New Report Shows World Heritage Icons at Risk from Climate Change

Climate change is fast becoming one of the most significant risks for World Heritage sites, according to the report “World Heritage and Tourism in a Changing Climate” released today by the United Nations Educational, Scientific and Cultural Organization (UNESCO), the United Nations Environment Program (UNEP), and the Union of Concerned Scientists (UCS).

“Globally, we need to better understand, monitor and address climate change threats to World Heritage sites,” said Mechtild Rössler, director of UNESCO’s World Heritage Center. “As the report’s findings underscore, achieving the Paris Agreement’s goal of limiting global temperature rise to a level well below 2 degrees Celsius is vitally important to protecting our world heritage for current and future generations.”

The new report lists 31 natural and cultural World Heritage sites in 29 countries that are vulnerable to increasing temperatures, melting glaciers, rising seas, intensifying weather events, worsening droughts and longer wildfire seasons. It documents climate impacts at iconic tourism sites—including Venice, Stonehenge and the Galapagos Islands—and other World Heritage sites such as South Africa’s Cape Floral Kingdom; the port city of Cartagena, Colombia; and Shiretoko National Park in Japan.

“Climate change is affecting World Heritage sites across the globe,” said Adam Markham, lead author of the report and deputy director of the Climate and Energy Program at UCS. “Some Easter Island statues are at risk of being lost to the sea because of coastal erosion. Many of the world’s most important coral reefs, including in the islands of New Caledonia in the western Pacific, have suffered unprecedented coral bleaching linked to climate change this year. Climate change could eventually even cause some World Heritage sites to lose their status.”

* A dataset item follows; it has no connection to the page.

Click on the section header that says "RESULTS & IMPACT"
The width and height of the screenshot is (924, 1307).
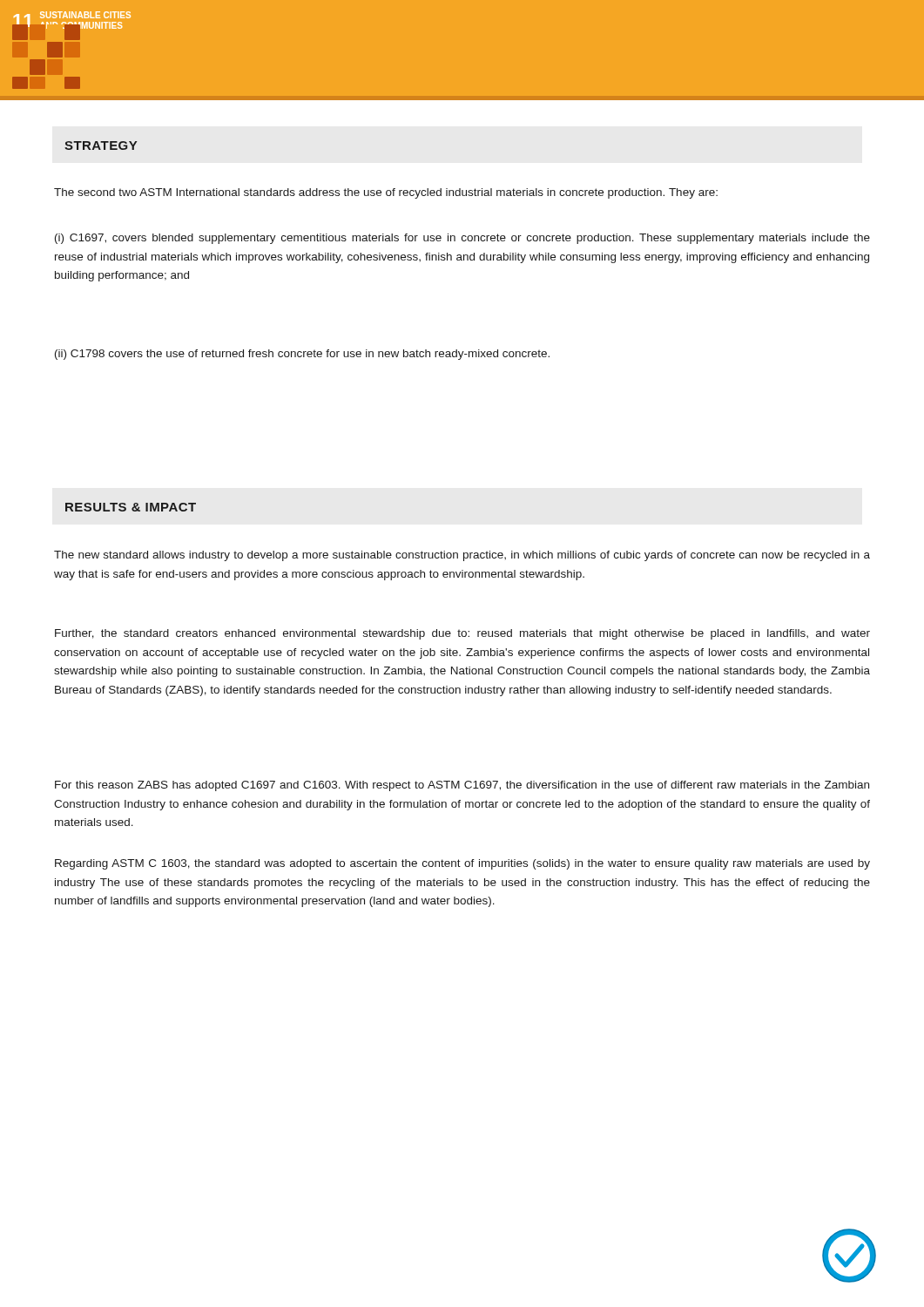[130, 506]

Because World Heritage sites must have “Outstanding Universal Value,” the report recommends that the World Heritage Committee consider the risk of prospective sites becoming degraded by climate change before they add them to the list.

As the effects of climate change play out, the tourism industry and economies of some countries home to World Heritage sites may be particularly hard hit, according to the report. Tourism, one of the world’s largest and fastest growing economic sectors, generates 9 percent of the world’s gross domestic product and provides one in every 11 jobs globally. Developing countries such as Nepal, home to Sagarmatha National Park and Mount Everest, and Uganda, where the mountain gorillas’ habitat in Bwindi Impenetrable National Park may be at risk, are especially reliant on tourism revenue. 

The report pointed out that tourism itself poses a threat to many World Heritage sites, especially fragile places like the Galapagos Islands, and when climate change is added to the mix it becomes a threat multiplier.